> _What the task asks_:
Each record below must come back exactly as written; its pictures must not.

==== Records ====

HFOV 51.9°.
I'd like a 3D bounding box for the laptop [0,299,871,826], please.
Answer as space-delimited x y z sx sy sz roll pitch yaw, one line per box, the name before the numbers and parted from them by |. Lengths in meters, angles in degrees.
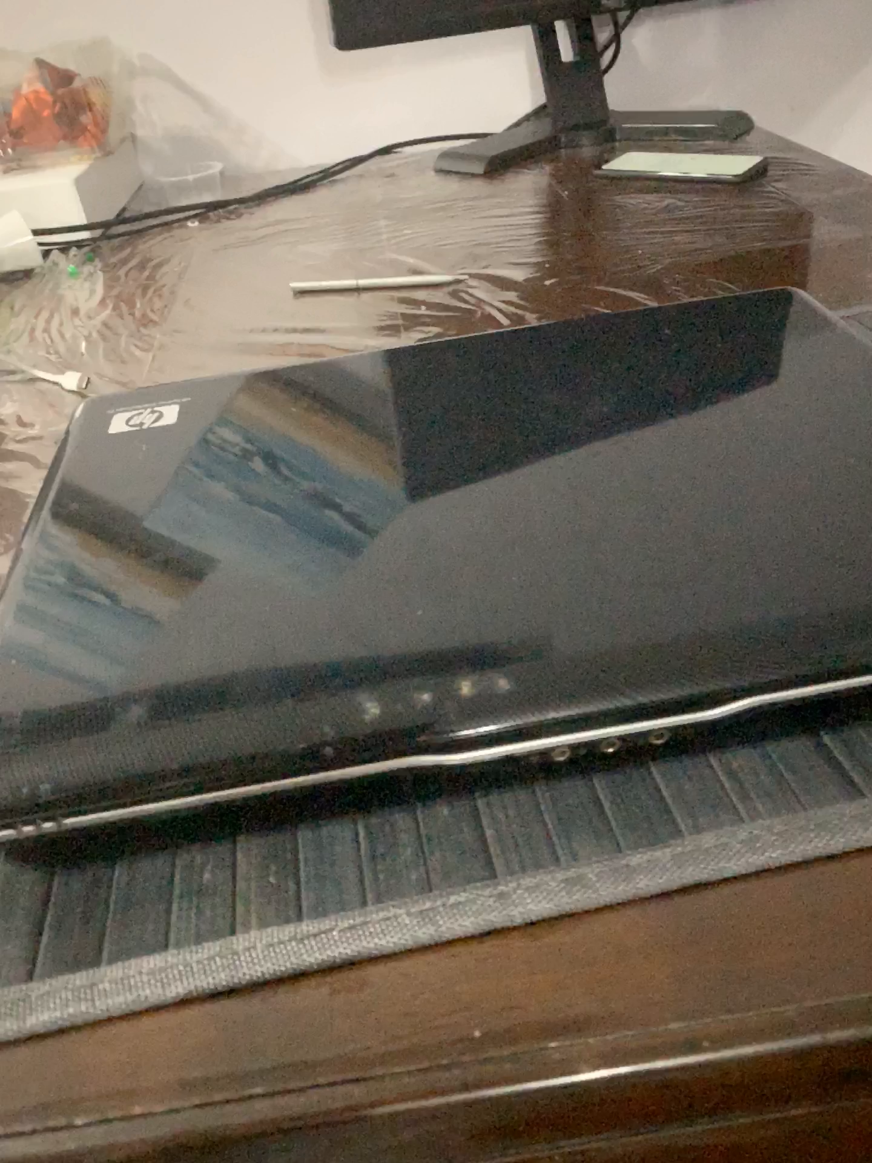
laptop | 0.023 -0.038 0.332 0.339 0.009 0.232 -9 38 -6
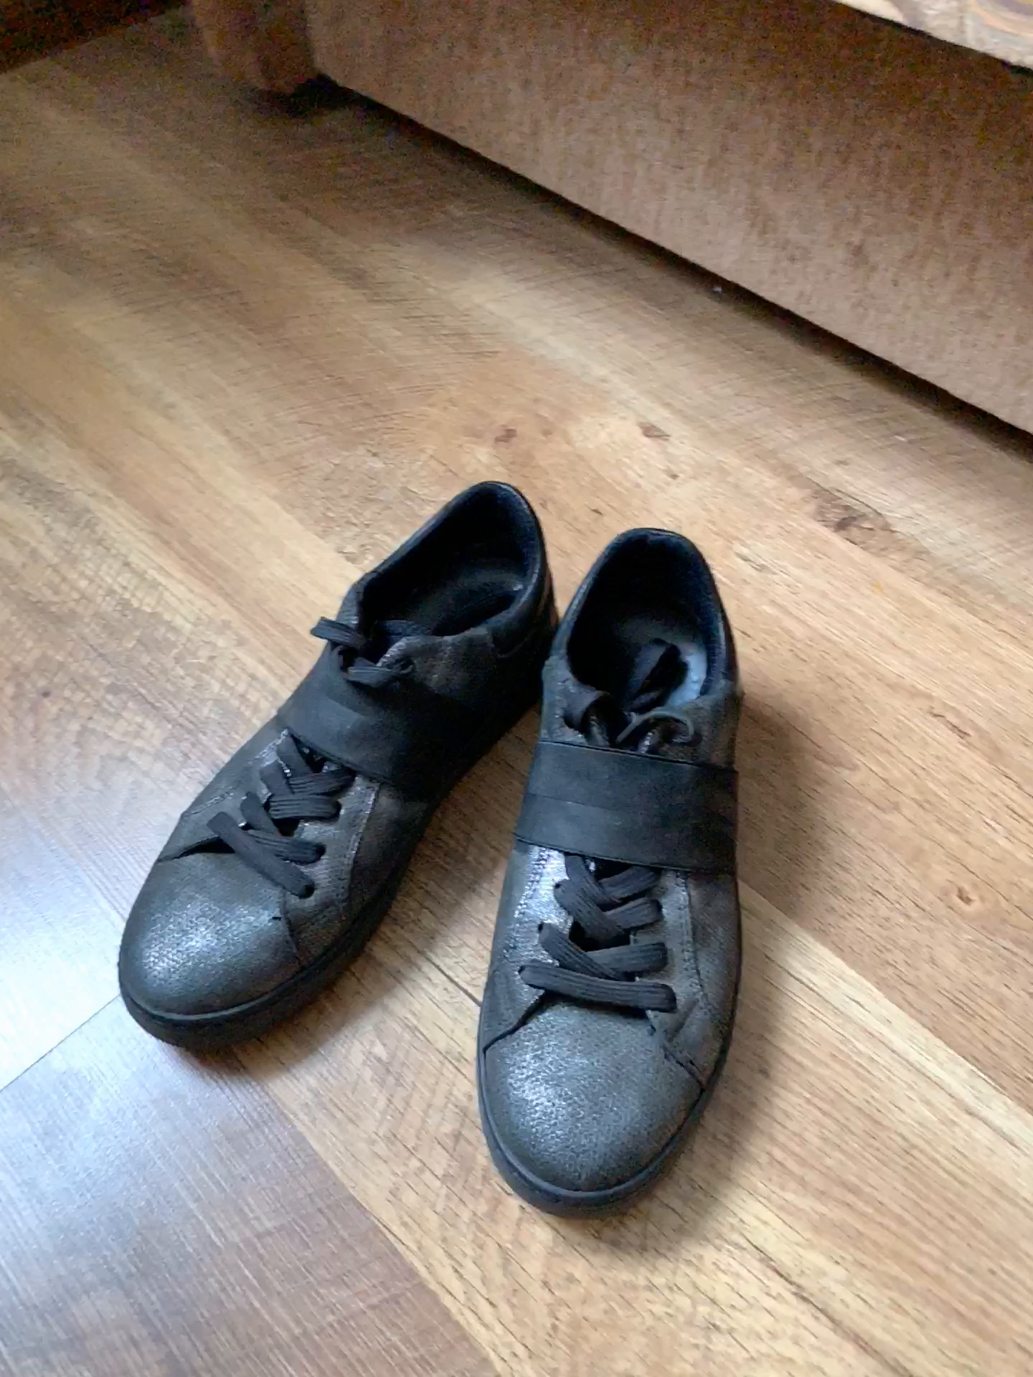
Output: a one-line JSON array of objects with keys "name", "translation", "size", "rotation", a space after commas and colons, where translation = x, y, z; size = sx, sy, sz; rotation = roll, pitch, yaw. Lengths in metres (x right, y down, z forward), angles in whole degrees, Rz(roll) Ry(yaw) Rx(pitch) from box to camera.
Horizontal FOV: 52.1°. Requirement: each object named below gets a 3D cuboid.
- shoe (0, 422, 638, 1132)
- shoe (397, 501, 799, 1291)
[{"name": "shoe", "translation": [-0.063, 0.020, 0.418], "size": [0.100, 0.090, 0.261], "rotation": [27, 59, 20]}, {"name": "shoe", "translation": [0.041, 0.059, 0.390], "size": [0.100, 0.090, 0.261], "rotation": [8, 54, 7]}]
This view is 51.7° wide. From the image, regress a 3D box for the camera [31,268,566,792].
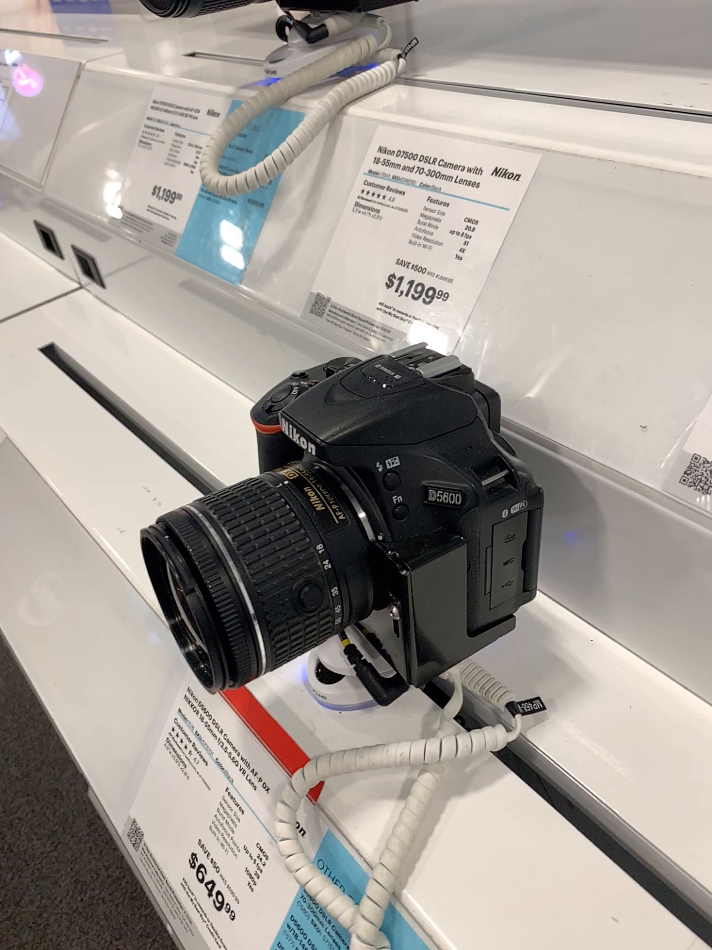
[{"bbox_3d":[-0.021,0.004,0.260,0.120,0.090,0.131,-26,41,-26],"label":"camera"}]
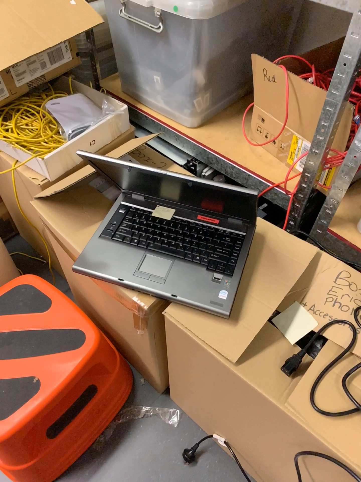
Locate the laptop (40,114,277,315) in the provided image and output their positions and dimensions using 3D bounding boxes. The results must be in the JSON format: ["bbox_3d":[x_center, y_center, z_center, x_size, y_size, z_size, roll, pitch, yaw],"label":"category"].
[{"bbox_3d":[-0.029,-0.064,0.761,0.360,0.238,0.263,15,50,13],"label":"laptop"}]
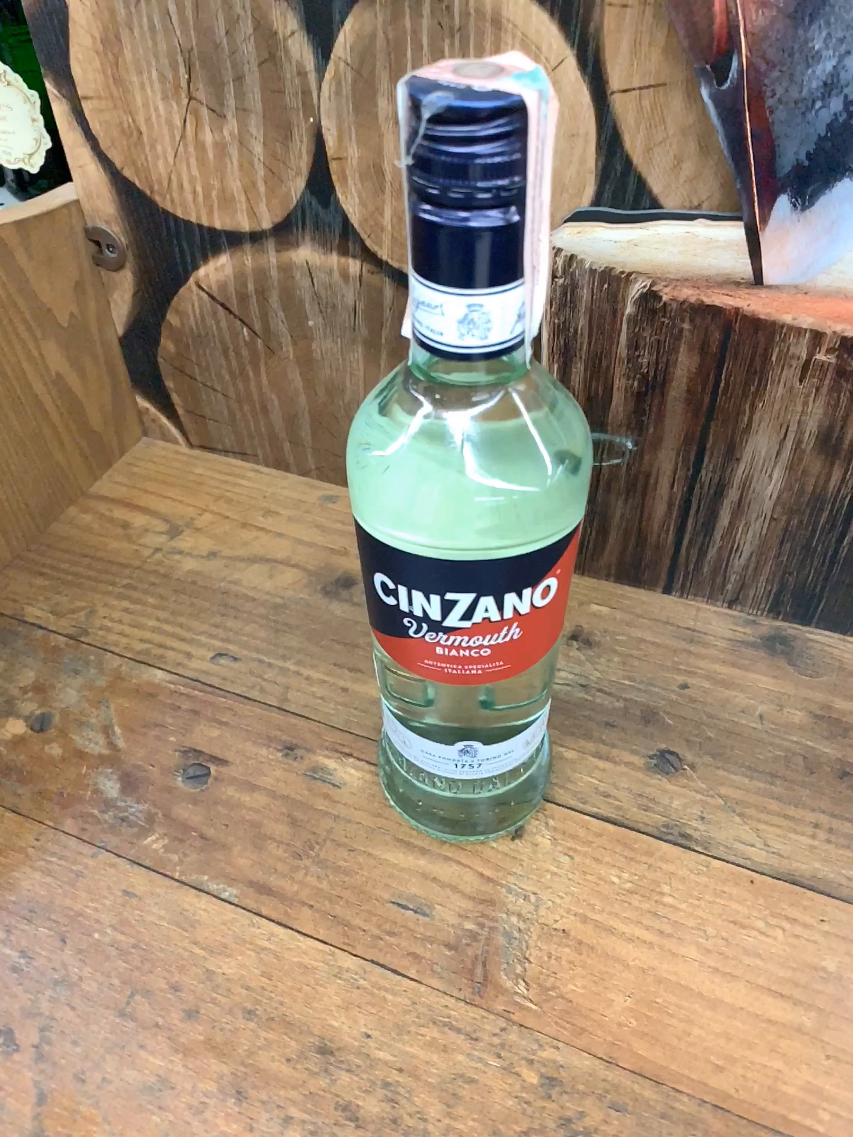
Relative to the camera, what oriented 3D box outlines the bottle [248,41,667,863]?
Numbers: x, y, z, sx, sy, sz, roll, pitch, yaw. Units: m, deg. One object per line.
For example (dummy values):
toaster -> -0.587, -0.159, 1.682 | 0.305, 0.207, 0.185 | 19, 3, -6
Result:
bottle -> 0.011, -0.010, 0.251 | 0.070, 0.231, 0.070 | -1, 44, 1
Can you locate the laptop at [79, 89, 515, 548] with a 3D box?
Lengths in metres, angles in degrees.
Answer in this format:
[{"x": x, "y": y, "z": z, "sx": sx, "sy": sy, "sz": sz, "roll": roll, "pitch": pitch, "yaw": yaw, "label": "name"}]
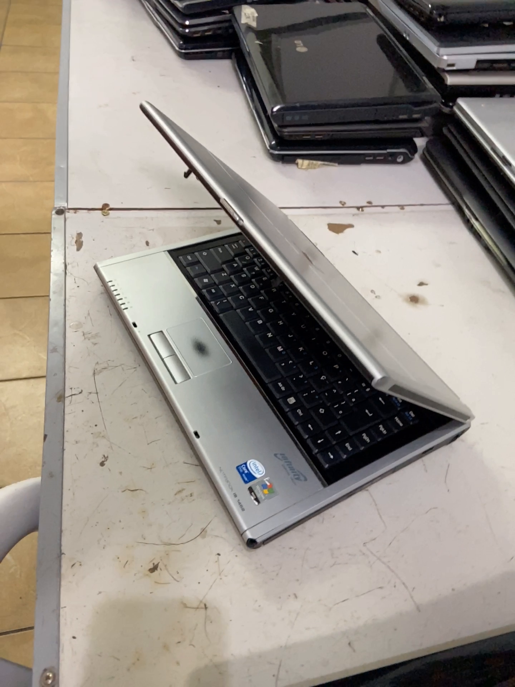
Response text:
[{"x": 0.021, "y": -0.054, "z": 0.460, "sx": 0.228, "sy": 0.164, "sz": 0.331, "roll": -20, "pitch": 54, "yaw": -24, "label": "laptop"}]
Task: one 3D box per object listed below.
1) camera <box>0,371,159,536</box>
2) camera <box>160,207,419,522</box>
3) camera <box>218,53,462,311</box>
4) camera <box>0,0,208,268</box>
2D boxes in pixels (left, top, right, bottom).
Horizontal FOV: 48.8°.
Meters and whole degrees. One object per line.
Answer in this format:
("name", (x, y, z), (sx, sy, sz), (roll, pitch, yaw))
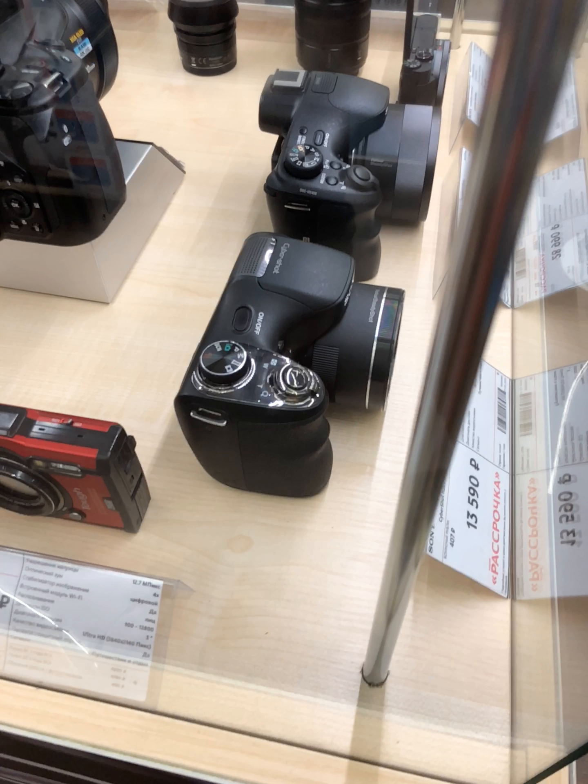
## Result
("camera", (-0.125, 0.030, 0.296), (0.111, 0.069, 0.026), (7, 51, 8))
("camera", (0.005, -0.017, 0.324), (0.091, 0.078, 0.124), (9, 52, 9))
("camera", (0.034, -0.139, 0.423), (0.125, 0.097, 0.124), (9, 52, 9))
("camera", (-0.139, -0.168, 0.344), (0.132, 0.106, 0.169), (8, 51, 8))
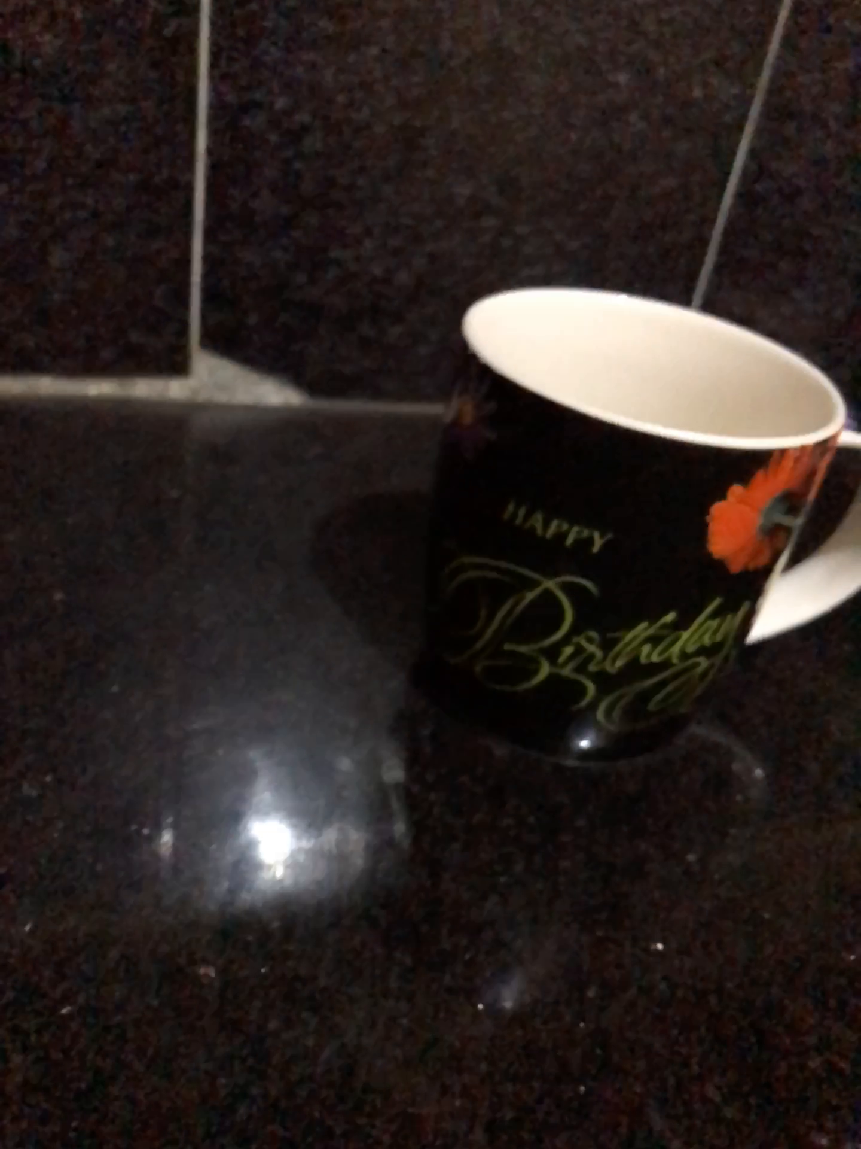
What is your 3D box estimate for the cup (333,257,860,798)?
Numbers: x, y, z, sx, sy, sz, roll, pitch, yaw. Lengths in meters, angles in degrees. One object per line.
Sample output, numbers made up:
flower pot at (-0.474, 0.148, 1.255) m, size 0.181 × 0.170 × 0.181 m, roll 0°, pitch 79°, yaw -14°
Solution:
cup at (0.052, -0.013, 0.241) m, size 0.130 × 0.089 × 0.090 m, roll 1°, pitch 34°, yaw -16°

====

> _Answer section_:
HFOV 51.9°.
I'd like a 3D bounding box for the laptop [0,299,871,826], please.
Answer as space-delimited x y z sx sy sz roll pitch yaw, one line per box, the name before the numbers and parted from them by |. Lengths in meters, angles in degrees.
laptop | 0.023 -0.038 0.332 0.339 0.009 0.232 -9 38 -6
Output: a one-line JSON array of objects with keys "name", "translation", "size", "rotation", a space after commas and colons, where translation = x, y, z; size = sx, sy, sz; rotation = roll, pitch, yaw. Lengths in metres (x right, y down, z forward), angles in whole degrees, Rz(roll) Ry(yaw) Rx(pitch) from box to camera.
Horizontal FOV: 52.1°. Requirement: each object named below gets a 3D cuboid.
- shoe (0, 422, 638, 1132)
- shoe (397, 501, 799, 1291)
[{"name": "shoe", "translation": [-0.063, 0.020, 0.418], "size": [0.100, 0.090, 0.261], "rotation": [27, 59, 20]}, {"name": "shoe", "translation": [0.041, 0.059, 0.390], "size": [0.100, 0.090, 0.261], "rotation": [8, 54, 7]}]
This view is 51.7° wide. From the image, regress a 3D box for the camera [31,268,566,792].
[{"bbox_3d":[-0.021,0.004,0.260,0.120,0.090,0.131,-26,41,-26],"label":"camera"}]
Locate the laptop (40,114,277,315) in the provided image and output their positions and dimensions using 3D bounding boxes. The results must be in the JSON format: ["bbox_3d":[x_center, y_center, z_center, x_size, y_size, z_size, roll, pitch, yaw],"label":"category"].
[{"bbox_3d":[-0.029,-0.064,0.761,0.360,0.238,0.263,15,50,13],"label":"laptop"}]
Relative to the camera, what oriented 3D box outlines the bottle [248,41,667,863]?
Numbers: x, y, z, sx, sy, sz, roll, pitch, yaw. Units: m, deg. One object per line.
For example (dummy values):
toaster -> -0.587, -0.159, 1.682 | 0.305, 0.207, 0.185 | 19, 3, -6
Result:
bottle -> 0.011, -0.010, 0.251 | 0.070, 0.231, 0.070 | -1, 44, 1
Can you locate the laptop at [79, 89, 515, 548] with a 3D box?
Lengths in metres, angles in degrees.
Answer in this format:
[{"x": x, "y": y, "z": z, "sx": sx, "sy": sy, "sz": sz, "roll": roll, "pitch": pitch, "yaw": yaw, "label": "name"}]
Response text:
[{"x": 0.021, "y": -0.054, "z": 0.460, "sx": 0.228, "sy": 0.164, "sz": 0.331, "roll": -20, "pitch": 54, "yaw": -24, "label": "laptop"}]
Task: one 3D box per object listed below.
1) camera <box>0,371,159,536</box>
2) camera <box>160,207,419,522</box>
3) camera <box>218,53,462,311</box>
4) camera <box>0,0,208,268</box>
2D boxes in pixels (left, top, right, bottom).
Horizontal FOV: 48.8°.
Meters and whole degrees. One object per line.
Answer in this format:
("name", (x, y, z), (sx, sy, sz), (roll, pitch, yaw))
## Result
("camera", (-0.125, 0.030, 0.296), (0.111, 0.069, 0.026), (7, 51, 8))
("camera", (0.005, -0.017, 0.324), (0.091, 0.078, 0.124), (9, 52, 9))
("camera", (0.034, -0.139, 0.423), (0.125, 0.097, 0.124), (9, 52, 9))
("camera", (-0.139, -0.168, 0.344), (0.132, 0.106, 0.169), (8, 51, 8))
What is your 3D box estimate for the cup (333,257,860,798)?
Numbers: x, y, z, sx, sy, sz, roll, pitch, yaw. Lengths in meters, angles in degrees. One object per line.
Sample output, numbers made up:
flower pot at (-0.474, 0.148, 1.255) m, size 0.181 × 0.170 × 0.181 m, roll 0°, pitch 79°, yaw -14°
Solution:
cup at (0.052, -0.013, 0.241) m, size 0.130 × 0.089 × 0.090 m, roll 1°, pitch 34°, yaw -16°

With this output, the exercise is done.